Wednesday

Maybe I can actually do this..

That is, maybe I can really tell my story. It is so much easier here than in real life, and when you think about it, it's a lot easier to tell strangers anything particularly sensitive.

I don't know you, you don't know me. And while you might think my name is Hayden DeLong, it's not. Hayden is after a football coach at my university who is something of a legend. And DeLong is the last name of close family friends of my parents, who like everything from childhood, bring me a sense of comfort.

How do I even begin to tell you this story? No one will even believe me anyway. I don't know that I even believe, and it's happening to me. It's my real life.
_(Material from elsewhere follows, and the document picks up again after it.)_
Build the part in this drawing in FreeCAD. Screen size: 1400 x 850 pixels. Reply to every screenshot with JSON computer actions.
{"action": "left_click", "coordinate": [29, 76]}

To you I might be some crazy blogger who is making crap up, but to me this is the only way I can come to terms with what has happened to me and what I'm living with.
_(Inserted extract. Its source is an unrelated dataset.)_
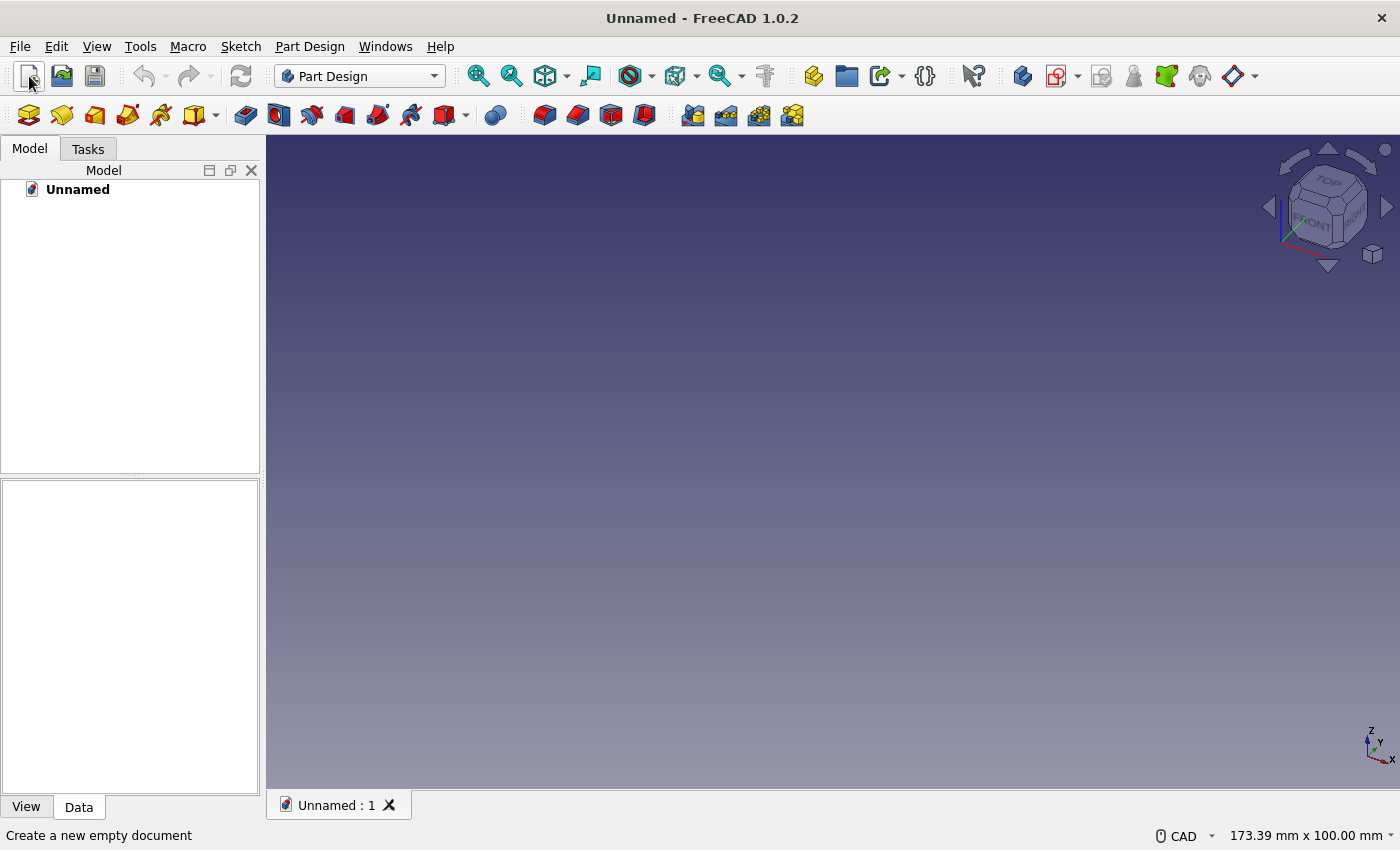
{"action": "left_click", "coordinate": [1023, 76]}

It's not going to happen quickly. I can't just shoot off a couple of blog entries and expect anyone to even begin to wrap their heads around the things that I've seen the past six months. But like anything else, seeing is believing and I can assure you that I have indeed experienced everything that I say I have.

So let's just start with the basics.

My name is Hayden. I am an 19 years old. I live in Iowa, in a college town where everything is different than everything else in this sleepy farm state.

My university is the biggest in Iowa. It's known for being liberal, open minded, left thinking, etc. Not the type of place I would have imagined myself gravitating towards, that's for sure.

But somehow I found myself here. I want to be a nurse and it's the only state school with a nursing program. My parents couldn't have afforded some of the private schools, and besides this university is known for it's medical majors.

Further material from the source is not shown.